Plants and Animals

Sociable Chimps Have Richer Diversity of Gut Microbes

January 17, 2016 | by Janet Fang

Photo credit: Grooming session between two adult male chimpanzees at Gombe National Park, Tanzania. Steffen Foerster

Chimpanzees who join in on more social activities have a higher diversity of microbes in their gut, and this microscopic species diversity might help fight diseases. The findings, published in Science Advances this week, suggests that social behavior shapes the microbiome and preserves diversity across evolutionary timescales. 

Sociality fuels the spread of pathogens among animal hosts (a crowded plane during the holidays, for example), but these sorts of interactions could also enable beneficial microbial associations. In humans and other primates, the gut microbiome in particular helps regulate health by training the immune system, metabolizing molecules and synthesizing nutrients, and generally protecting against infections caused by opportunistic pathogens. 

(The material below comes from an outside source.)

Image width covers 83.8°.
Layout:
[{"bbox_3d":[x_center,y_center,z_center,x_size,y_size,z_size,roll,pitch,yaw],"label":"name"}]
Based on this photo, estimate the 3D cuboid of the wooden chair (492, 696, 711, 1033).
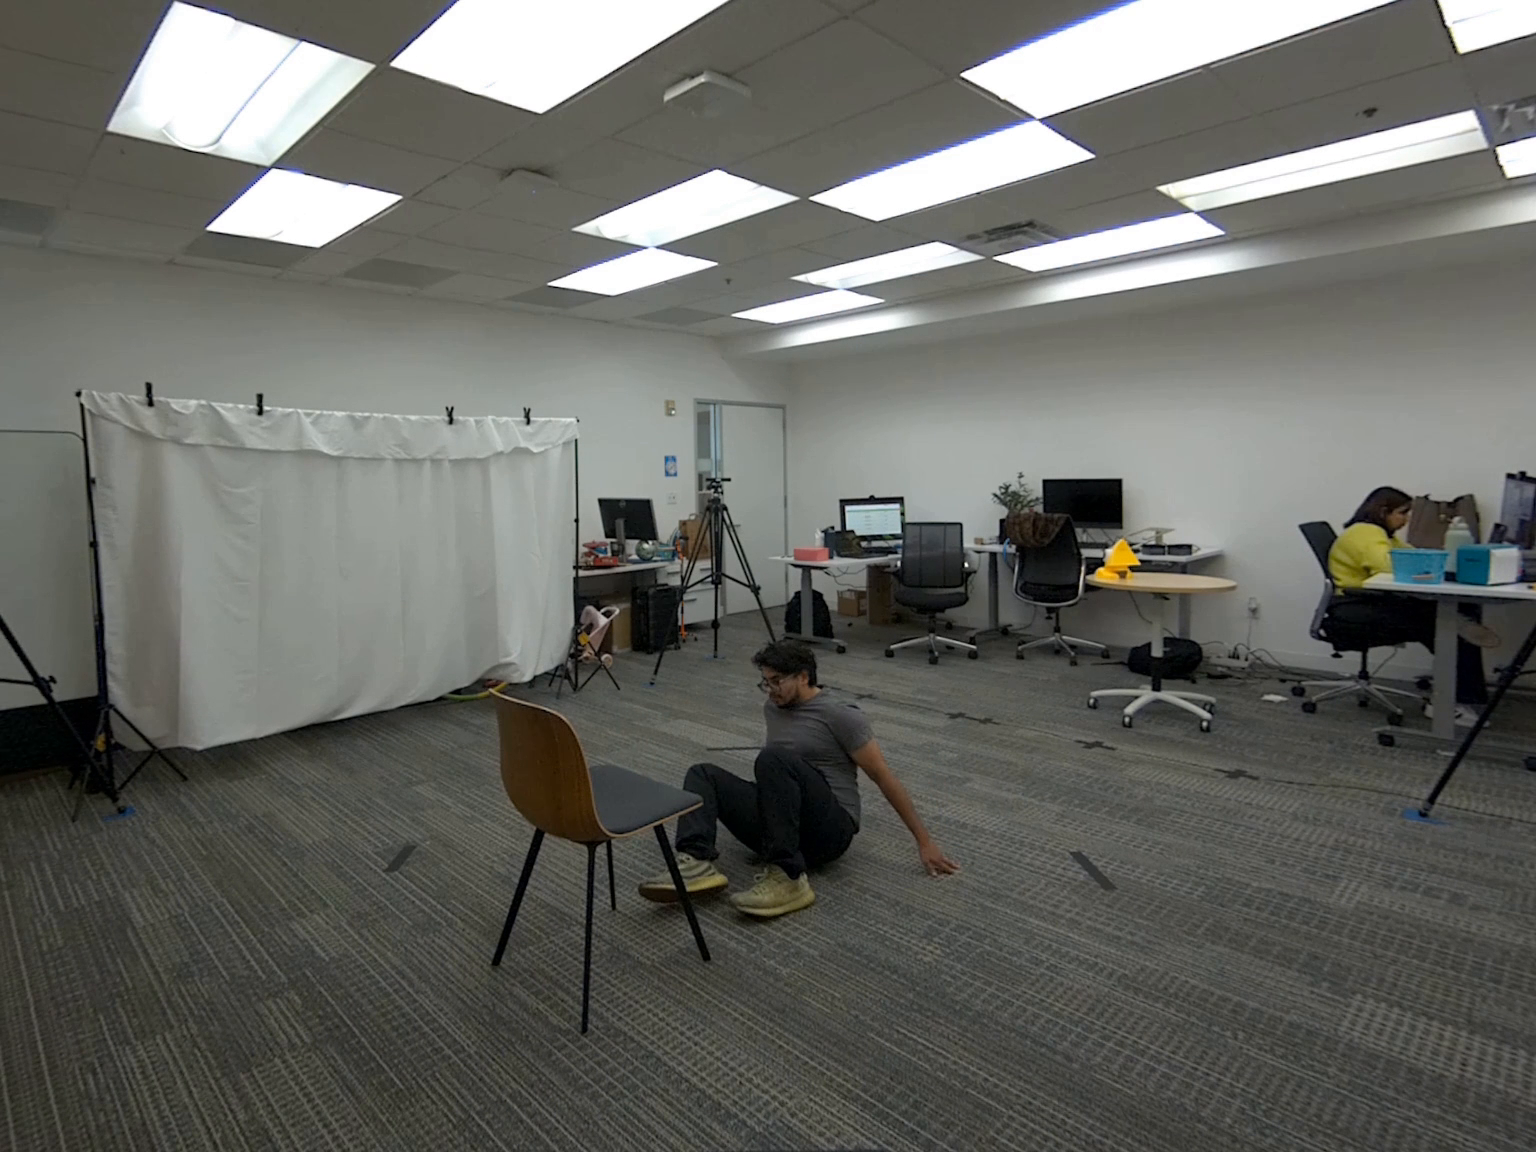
[{"bbox_3d":[-0.484,0.702,2.452,0.493,0.871,0.511,3,10,43],"label":"wooden chair"}]

To evaluate the role of host social behavior in shaping gut microbial communities, a team led by UT Austin’s Howard Ochman coupled more than eight years of behavioral observations on chimpanzees at Gombe National Park in Tanzania with deep-sequencing of their resident bacterial communities. Between November 2000 and December 2008, 96 fecal samples were collected from 40 Kasekela individuals, including infants, juveniles, adolescents, adults, and elderly individuals. Chimpanzee sociability was calculated as the proportion of time individuals spent together on average. 

The team found that social behavior influences the richness of bacterial species that populate the gut. Chimpanzee sociability isn’t linked to the relative abundance, presence, or absence of any specific bacteria. The impact is on species diversity, which might be providing protection against pathogens that individuals with low species richness are missing. In humans, for example, low gut microbe species richness has been linked to Crohn’s disease.

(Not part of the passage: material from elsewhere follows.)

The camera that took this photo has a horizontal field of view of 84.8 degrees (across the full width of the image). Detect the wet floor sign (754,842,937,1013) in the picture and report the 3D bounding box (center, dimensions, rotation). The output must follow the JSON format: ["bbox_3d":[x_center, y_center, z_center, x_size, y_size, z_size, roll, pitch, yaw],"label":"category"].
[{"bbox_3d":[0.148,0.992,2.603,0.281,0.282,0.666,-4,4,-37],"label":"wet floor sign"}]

Social behaviors propagate microbial diversity both within and between host generations. While infants inherit their gut microbial communities from their mother initially, the inheritance of these communities across generations is mostly influenced by social interactions with other chimpanzees.

While there are major differences between our social structures and theirs, the researchers think these results reveal the need to explore the links between human social networks and microbiome composition too.